Going from free text to tool call with parameters in the grand scheme of things is one of the easiest things to do especially when you only have a limited number of tools.
Seems like it works pretty well. Our prompts and params get tweaked towards better and better results, and we get a sense of what’s worth paying more for.
In some cases I've seen teams rely on a mix of automated metrics and human review, especially for production systems where reliability matters a lot.
But evaluation pipelines for AI still seem much less standardized compared to traditional software monitoring.
It wouldn’t be too difficult to build something like that for your own usage, but I found it pretty easy to get datasets set up.
Essentially a game changer in understanding if your prompts are working. Especially if you’re doing something which requires high levels of consistency.
In our case we would use LLM for classification which fits in perfectly with evals.
I would like a single number that I would use to optimize the pipeline with but I find it hard to figure out what that number should be measuring.
- AI to evaluate itself (eg ask claude to test out its own skill) - custom built platform (I see interest in this space)

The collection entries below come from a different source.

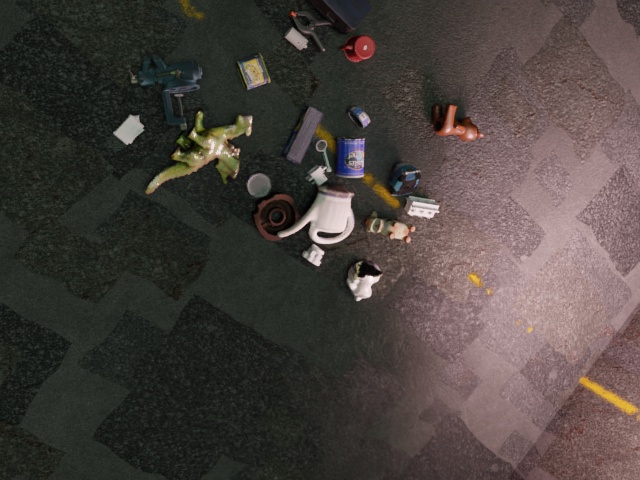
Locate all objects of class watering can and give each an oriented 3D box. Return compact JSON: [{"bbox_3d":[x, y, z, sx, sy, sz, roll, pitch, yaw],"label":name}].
[{"bbox_3d":[0.006,-0.095,1.878,0.348,0.105,0.222,2,104,-42],"label":"watering can"}]

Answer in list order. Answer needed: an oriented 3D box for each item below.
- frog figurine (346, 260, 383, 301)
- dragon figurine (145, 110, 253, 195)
[{"bbox_3d":[0.171,0.160,2.041,0.138,0.125,0.155,-24,147,-23],"label":"frog figurine"},{"bbox_3d":[-0.374,-0.269,1.720,0.240,0.124,0.408,34,98,-33],"label":"dragon figurine"}]
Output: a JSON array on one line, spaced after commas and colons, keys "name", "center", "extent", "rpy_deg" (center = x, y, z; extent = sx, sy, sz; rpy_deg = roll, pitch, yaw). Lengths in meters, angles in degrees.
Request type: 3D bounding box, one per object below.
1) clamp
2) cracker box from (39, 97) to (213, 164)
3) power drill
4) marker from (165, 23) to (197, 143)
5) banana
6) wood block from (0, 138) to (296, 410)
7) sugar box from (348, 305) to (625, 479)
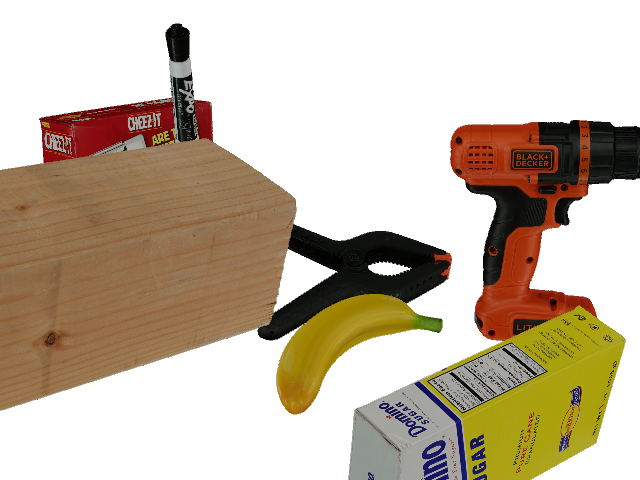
[{"name": "clamp", "center": [0.028, 0.037, 1.071], "extent": [0.210, 0.164, 0.036], "rpy_deg": [3, -44, -1]}, {"name": "cracker box", "center": [-0.186, -0.026, 1.063], "extent": [0.163, 0.214, 0.072], "rpy_deg": [-16, 22, -42]}, {"name": "power drill", "center": [0.200, -0.008, 0.891], "extent": [0.184, 0.188, 0.057], "rpy_deg": [2, 18, 10]}, {"name": "marker", "center": [-0.111, -0.120, 0.858], "extent": [0.020, 0.121, 0.020], "rpy_deg": [0, 43, -1]}, {"name": "banana", "center": [0.018, 0.078, 0.832], "extent": [0.070, 0.037, 0.197], "rpy_deg": [16, 26, 35]}, {"name": "wood block", "center": [-0.123, 0.013, 0.580], "extent": [0.205, 0.091, 0.090], "rpy_deg": [-15, 38, -43]}, {"name": "sugar box", "center": [0.098, 0.111, 0.629], "extent": [0.175, 0.093, 0.048], "rpy_deg": [-22, 42, -31]}]
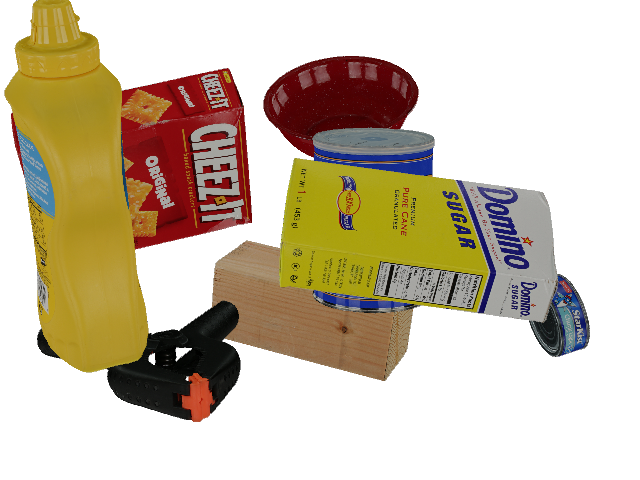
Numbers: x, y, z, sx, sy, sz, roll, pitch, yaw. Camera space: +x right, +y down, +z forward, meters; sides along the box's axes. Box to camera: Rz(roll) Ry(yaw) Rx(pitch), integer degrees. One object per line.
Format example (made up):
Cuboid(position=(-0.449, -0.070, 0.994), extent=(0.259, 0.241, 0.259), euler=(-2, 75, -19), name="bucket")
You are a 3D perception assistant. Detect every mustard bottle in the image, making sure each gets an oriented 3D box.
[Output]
Cuboid(position=(-0.131, -0.033, 0.566), extent=(0.058, 0.192, 0.096), euler=(-12, 30, -19), name="mustard bottle")

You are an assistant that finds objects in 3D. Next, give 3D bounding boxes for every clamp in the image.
Cuboid(position=(-0.108, 0.085, 0.798), extent=(0.164, 0.036, 0.210), euler=(-10, 14, -27), name="clamp")

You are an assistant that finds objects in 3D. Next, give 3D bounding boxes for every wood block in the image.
Cuboid(position=(-0.009, 0.075, 1.179), extent=(0.206, 0.091, 0.090), euler=(13, 22, 17), name="wood block")

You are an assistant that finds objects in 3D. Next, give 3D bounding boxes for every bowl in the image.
Cuboid(position=(0.023, -0.130, 1.121), extent=(0.162, 0.055, 0.162), euler=(-4, 40, 3), name="bowl")

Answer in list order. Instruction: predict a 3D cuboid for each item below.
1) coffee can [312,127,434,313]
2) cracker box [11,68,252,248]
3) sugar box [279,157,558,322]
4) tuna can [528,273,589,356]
Cuboid(position=(0.044, -0.020, 0.914), extent=(0.103, 0.140, 0.103), euler=(0, 14, 0), name="coffee can")
Cuboid(position=(-0.180, -0.068, 1.056), extent=(0.213, 0.072, 0.164), euler=(-13, -41, -11), name="cracker box")
Cuboid(position=(0.063, -0.002, 0.705), extent=(0.176, 0.048, 0.093), euler=(5, 42, 1), name="sugar box")
Cuboid(position=(0.255, 0.082, 1.157), extent=(0.033, 0.086, 0.086), euler=(-17, 3, -11), name="tuna can")

I've actually been thinking about this problem a lot and am working on making a custom eval runner for your codebase. What would your usecase be for this?
I like to play with knowledge base powered chatbots but what's most useful to me (and probably my primary use case) is coding agents since I use CC every day. Recently I just heard about Minimax m2.5 which apparently is a pretty good coding agent (they say it's comparable to opus 4.6) but I haven't tried it yet — plus it'd take a lot of time to figure out whether it's better or not.
Definitely not happy with it, but everything is moving too fast to feel like it's worth investing in.
I find that for every hypothesis I might have to run a thousand prompts to collect enough data for a conclusion. For instance, to discover how reliably different models can extract noun phrases from a text: hours of grinding. Even so that was for a small text. I haven’t yet run the process on a large text.